## [Provided information]
= Beginning of Section =

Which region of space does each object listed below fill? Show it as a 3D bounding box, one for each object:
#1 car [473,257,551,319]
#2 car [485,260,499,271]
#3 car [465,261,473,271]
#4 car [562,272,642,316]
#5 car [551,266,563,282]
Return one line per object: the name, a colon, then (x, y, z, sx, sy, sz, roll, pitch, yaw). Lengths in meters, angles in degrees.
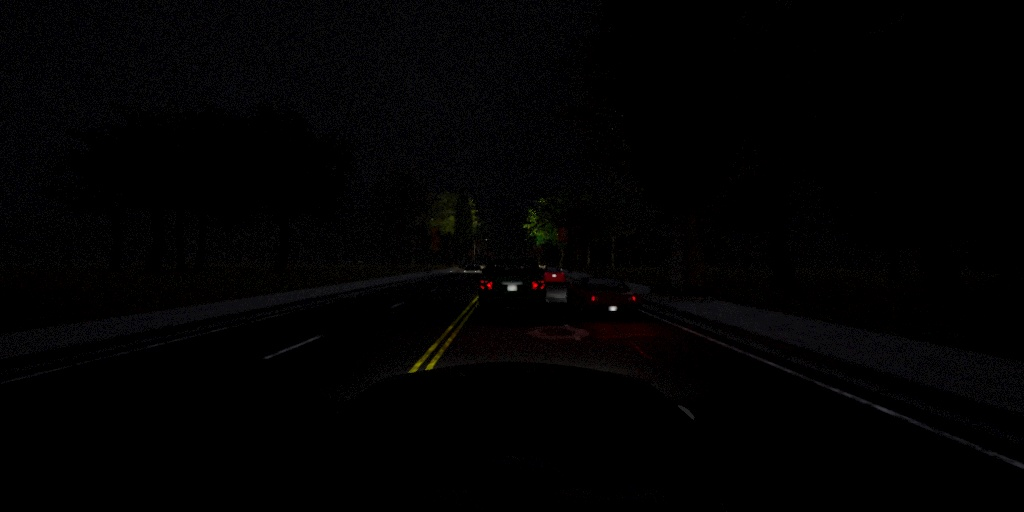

= End of Section =

## [Exercise prompt]
Excluding the pictures, write out exactly the lines from the line that contains "#2 car [485,260,499,271]" through the end of the records.

## [Completed task]
#2 car [485,260,499,271]
#3 car [465,261,473,271]
#4 car [562,272,642,316]
#5 car [551,266,563,282]
Return one line per object: the name, a colon, then (x, y, z, sx, sy, sz, roll, pitch, yaw). Lengths in meters, angles in degrees.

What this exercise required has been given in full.